I'm planning on loading that into Python and standing up an IREE version of https://github.com/nod-ai/sharktank/blob/main/sharktank/sharktank/examples/paged_llm_v1.py . Once the real model compiles, I'll substitute it.

stellaraccident commented 3 months ago

Thanks, I'm also able to compile for llvm-cpu with --iree-opt-strip-assertions. edit: specifically with llvm/torch-mlir#3277 too

This upstream patch removes these assertions and implements a more direct lowering (no more switchy stuff): https://github.com/llvm/torch-mlir/pull/3319

ScottTodd commented 3 months ago

Latest attempt:

Compile for Vulkan: D:\dev\projects\iree-build\tools\iree-compile D:\tmp\open_llama_3b_v2_f16_decode_only.mlir --iree-hal-target-backends=vulkan-spirv --iree-vulkan-target-triple=turing-unknown-unknown -o /tmp/open_llama_3b_v2_f16_vulkan_decode_only_17339b.vmfb --iree-hal-executable-debug-level=3

Run on Vulkan: D:\dev\projects\iree-build\tools\iree-run-module --module=D:\tmp\open_llama_3b_v2_f16_vulkan_decode_only_17339b.vmfb --device=vulkan --input=4x1xi64 --input=4xi64 --input=4xi64 --input=4x1xi64 --input=1x2662400xf32 --parameters=model=D:\dev\projects\iree-data\huggingface\open_llama_3b_v2_gguf\open-llama-3b-v2-f16.gguf

Vulkan output:

EXEC @decode_bs4
result[0]: hal.buffer_view
4x1x32000xf32=[[NAN NAN NAN NAN NAN NAN NAN ...

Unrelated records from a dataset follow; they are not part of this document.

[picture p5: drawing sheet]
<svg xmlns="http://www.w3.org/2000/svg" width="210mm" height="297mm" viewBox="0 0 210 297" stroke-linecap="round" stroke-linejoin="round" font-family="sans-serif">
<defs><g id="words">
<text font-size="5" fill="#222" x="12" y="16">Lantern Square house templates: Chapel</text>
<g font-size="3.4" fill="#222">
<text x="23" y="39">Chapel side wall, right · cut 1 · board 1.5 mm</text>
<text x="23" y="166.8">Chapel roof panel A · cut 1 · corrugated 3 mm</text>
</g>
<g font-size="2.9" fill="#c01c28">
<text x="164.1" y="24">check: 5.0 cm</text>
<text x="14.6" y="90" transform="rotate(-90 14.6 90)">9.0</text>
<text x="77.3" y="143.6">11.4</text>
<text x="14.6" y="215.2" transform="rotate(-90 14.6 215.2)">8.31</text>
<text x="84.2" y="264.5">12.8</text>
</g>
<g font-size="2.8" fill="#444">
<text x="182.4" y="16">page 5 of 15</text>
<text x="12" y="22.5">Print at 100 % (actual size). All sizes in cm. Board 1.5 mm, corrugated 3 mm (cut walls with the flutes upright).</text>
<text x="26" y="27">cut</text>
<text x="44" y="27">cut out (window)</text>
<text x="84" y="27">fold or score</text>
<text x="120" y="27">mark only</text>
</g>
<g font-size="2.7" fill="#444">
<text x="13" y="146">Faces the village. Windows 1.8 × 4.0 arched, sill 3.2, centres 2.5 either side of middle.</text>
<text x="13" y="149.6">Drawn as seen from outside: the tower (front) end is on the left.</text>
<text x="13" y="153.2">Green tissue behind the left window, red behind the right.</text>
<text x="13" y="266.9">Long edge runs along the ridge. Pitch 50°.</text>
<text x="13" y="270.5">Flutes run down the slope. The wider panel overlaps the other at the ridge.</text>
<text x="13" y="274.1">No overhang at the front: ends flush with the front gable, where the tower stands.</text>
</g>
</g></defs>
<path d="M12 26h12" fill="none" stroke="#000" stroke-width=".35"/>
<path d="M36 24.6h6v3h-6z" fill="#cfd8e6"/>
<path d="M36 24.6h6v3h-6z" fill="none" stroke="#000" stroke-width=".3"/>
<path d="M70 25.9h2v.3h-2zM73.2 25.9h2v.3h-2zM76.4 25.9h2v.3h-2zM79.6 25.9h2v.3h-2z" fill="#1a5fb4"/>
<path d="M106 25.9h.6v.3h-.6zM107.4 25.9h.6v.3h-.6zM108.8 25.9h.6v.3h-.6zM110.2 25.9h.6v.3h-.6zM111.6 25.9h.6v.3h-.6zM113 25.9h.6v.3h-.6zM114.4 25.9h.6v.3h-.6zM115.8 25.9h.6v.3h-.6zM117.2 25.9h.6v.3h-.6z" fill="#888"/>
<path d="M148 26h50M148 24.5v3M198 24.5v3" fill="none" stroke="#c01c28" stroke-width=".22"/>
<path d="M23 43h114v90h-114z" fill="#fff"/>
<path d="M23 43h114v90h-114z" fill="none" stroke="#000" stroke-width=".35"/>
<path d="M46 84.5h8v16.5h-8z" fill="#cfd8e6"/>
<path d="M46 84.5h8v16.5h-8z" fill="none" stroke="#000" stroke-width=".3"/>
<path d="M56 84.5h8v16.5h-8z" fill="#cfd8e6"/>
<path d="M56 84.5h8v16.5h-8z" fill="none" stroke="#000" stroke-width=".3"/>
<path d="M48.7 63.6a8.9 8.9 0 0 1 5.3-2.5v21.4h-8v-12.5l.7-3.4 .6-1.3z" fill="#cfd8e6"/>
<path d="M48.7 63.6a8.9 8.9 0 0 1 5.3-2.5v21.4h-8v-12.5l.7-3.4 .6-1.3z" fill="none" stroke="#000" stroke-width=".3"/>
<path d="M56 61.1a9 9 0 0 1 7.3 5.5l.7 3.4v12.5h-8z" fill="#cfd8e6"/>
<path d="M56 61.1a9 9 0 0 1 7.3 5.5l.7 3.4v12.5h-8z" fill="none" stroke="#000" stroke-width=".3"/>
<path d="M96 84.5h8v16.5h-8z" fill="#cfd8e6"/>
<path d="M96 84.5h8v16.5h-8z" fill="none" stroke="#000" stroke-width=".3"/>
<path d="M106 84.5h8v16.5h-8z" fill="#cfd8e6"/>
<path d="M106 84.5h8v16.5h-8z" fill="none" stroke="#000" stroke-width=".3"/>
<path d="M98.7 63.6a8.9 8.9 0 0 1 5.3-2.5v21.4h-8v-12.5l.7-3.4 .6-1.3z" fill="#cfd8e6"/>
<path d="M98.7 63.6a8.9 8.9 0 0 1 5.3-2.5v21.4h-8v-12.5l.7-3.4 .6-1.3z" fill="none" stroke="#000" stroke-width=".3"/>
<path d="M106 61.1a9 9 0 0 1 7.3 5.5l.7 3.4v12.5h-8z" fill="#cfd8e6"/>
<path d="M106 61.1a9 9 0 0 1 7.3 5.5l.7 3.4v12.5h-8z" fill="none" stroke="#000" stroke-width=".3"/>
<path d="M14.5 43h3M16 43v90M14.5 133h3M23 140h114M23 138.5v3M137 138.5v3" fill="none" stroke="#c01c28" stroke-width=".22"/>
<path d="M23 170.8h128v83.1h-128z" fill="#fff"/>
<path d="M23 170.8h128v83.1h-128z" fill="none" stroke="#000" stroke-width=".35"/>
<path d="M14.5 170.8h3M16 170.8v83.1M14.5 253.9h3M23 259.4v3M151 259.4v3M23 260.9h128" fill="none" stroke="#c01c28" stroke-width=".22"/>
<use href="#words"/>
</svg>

Compile for CPU: D:\dev\projects\iree-build\tools\iree-compile D:\tmp\open_llama_3b_v2_f16_decode_only.mlir --iree-hal-target-backends=llvm-cpu -o /tmp/open_llama_3b_v2_f16_llvmcpu_decode_only_17339b.vmfb --iree-hal-executable-debug-level=3

Run on CPU: D:\dev\projects\iree-build\tools\iree-run-module --module=D:\tmp\open_llama_3b_v2_f16_llvmcpu_decode_only_17339b.vmfb --device=local-task --input=4x1xi64 --input=4xi64 --input=4xi64 --input=4x1xi64 --input=1x2662400xf32 --parameters=model=D:\dev\projects\iree-data\huggingface\open_llama_3b_v2_gguf\open-llama-3b-v2-f16.gguf

CPU crashes inside a dispatch (iree_elf_call_i_ppp).

Will trace execution and look at individual dispatches to go deeper.